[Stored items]

○ ○ ○ ○ ○

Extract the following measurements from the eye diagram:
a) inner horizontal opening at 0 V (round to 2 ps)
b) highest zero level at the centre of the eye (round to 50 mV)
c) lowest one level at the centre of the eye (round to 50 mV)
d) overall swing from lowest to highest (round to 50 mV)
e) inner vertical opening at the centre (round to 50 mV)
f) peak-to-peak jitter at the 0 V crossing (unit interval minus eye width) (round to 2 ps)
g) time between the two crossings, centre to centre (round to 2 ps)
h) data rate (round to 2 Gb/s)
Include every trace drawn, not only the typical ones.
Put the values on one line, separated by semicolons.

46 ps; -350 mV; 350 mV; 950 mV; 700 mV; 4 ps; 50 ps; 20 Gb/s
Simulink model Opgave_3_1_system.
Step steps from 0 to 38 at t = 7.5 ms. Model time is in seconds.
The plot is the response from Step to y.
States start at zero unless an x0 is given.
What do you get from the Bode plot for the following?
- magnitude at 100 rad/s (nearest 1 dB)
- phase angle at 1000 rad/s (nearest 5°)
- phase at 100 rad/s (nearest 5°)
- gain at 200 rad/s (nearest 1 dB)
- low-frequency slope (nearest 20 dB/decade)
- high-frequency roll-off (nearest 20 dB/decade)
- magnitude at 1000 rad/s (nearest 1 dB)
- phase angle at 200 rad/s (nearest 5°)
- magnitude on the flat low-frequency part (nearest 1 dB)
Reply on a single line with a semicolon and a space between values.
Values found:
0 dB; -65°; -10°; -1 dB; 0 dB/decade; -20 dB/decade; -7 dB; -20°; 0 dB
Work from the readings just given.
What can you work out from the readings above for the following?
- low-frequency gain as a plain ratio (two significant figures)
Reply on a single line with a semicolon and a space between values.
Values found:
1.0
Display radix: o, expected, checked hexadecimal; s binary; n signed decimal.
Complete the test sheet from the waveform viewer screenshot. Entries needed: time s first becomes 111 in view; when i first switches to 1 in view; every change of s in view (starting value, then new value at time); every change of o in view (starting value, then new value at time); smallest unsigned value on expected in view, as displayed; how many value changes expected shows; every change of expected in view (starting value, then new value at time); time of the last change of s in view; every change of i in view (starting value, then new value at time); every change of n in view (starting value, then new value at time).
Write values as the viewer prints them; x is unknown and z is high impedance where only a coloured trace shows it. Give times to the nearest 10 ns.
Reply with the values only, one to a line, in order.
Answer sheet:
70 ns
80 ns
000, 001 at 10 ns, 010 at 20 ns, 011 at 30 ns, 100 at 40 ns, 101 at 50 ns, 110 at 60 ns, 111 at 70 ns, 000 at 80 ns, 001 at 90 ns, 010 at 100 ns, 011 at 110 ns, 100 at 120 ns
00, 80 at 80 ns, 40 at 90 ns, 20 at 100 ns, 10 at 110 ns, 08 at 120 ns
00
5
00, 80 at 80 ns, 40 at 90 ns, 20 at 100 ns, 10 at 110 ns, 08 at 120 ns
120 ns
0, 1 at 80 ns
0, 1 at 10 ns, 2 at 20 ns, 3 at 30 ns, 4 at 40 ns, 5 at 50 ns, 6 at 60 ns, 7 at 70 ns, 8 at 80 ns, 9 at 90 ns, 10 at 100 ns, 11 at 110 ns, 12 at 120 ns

○ ○ ○ ○ ○

* [Task directions]: From the entries above, restate word for word the lines from the line containing "Step steps from" to the line containing "- phase at 100 rad/s (nearest 5°)", both ends included, and nothing more.

* [Answer]:
Step steps from 0 to 38 at t = 7.5 ms. Model time is in seconds.
The plot is the response from Step to y.
States start at zero unless an x0 is given.
What do you get from the Bode plot for the following?
- magnitude at 100 rad/s (nearest 1 dB)
- phase angle at 1000 rad/s (nearest 5°)
- phase at 100 rad/s (nearest 5°)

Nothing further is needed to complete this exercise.